Not to mention that the restaurant has been open for a day or two, and there’s a presumption of an in-depth relationship that hasn’t really been built yet. What do I think of the Bistro Vision? Ummm, I don’t care.

I love what this artifact tells you about the company; that they really want to get a dialog going. They don’t have the tools in place to do it yet. Maybe it’s backed up by the way they interact with customers who come in; I don’t know. But this won’t work at all.

And I think this sort of inquiry is what a lot of design students are doing; identifying some open-ended (i.e., requires the respondent to write sentences) questions and sending them out by email. Some people will respond. Some may even write a lot. But you can’t follow up unless you send out another email. And then it’s just a conversation.

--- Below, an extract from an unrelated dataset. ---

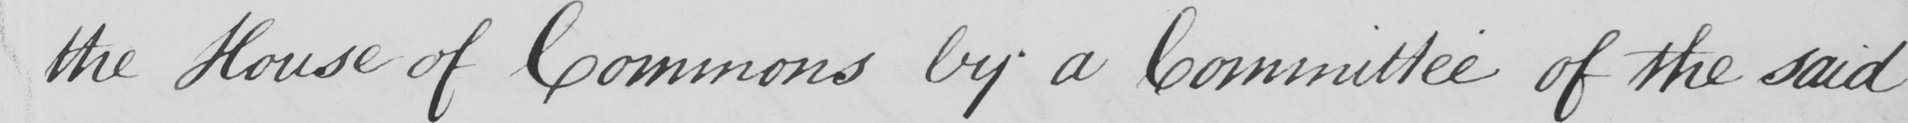What does this handwritten line say? the House of Commons by a Committee of the said 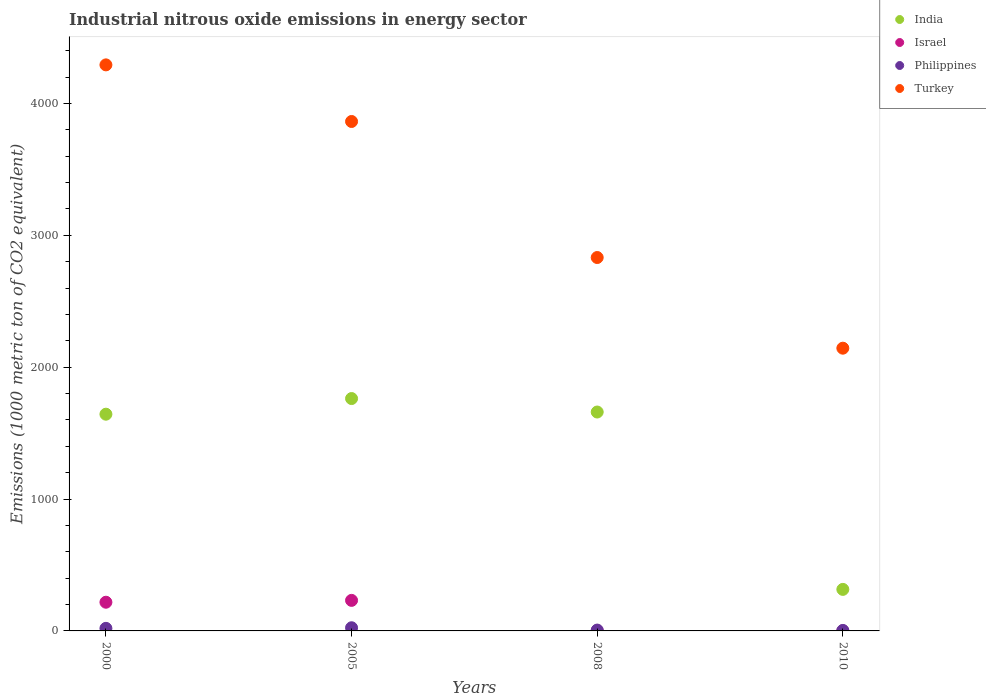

As with everything you “send out” who it gets sent to is a factor. Sending something to 3 friends is a very different approach than something that is quantitative in nature.

Look at this artifact from a recent project (created by our partners, not us):
survey_sample.JPG

This contained 31 questions, only a few open-ended ones. There’s randomization where needed (so you can filter out order-effects, where the first or last item might be picked more frequently in a list), and a large enough sample so that results can be processed to lead to conclusions – comparisons between different factors (this is the stats part I’ve been talking about).

Attitude toward technology meets Age
Purchase habits meets Region (with Age)
Stores shopped meets Region (with Age)
etc.

Tons of work and tons of math goes into creating tables (that then get interpreted) like
255b6076.jpg

As Paul Hogan (sorta) said “That’s not a survey, now that’s a survey!”

I hope this brings a bit more clarity to the discussion.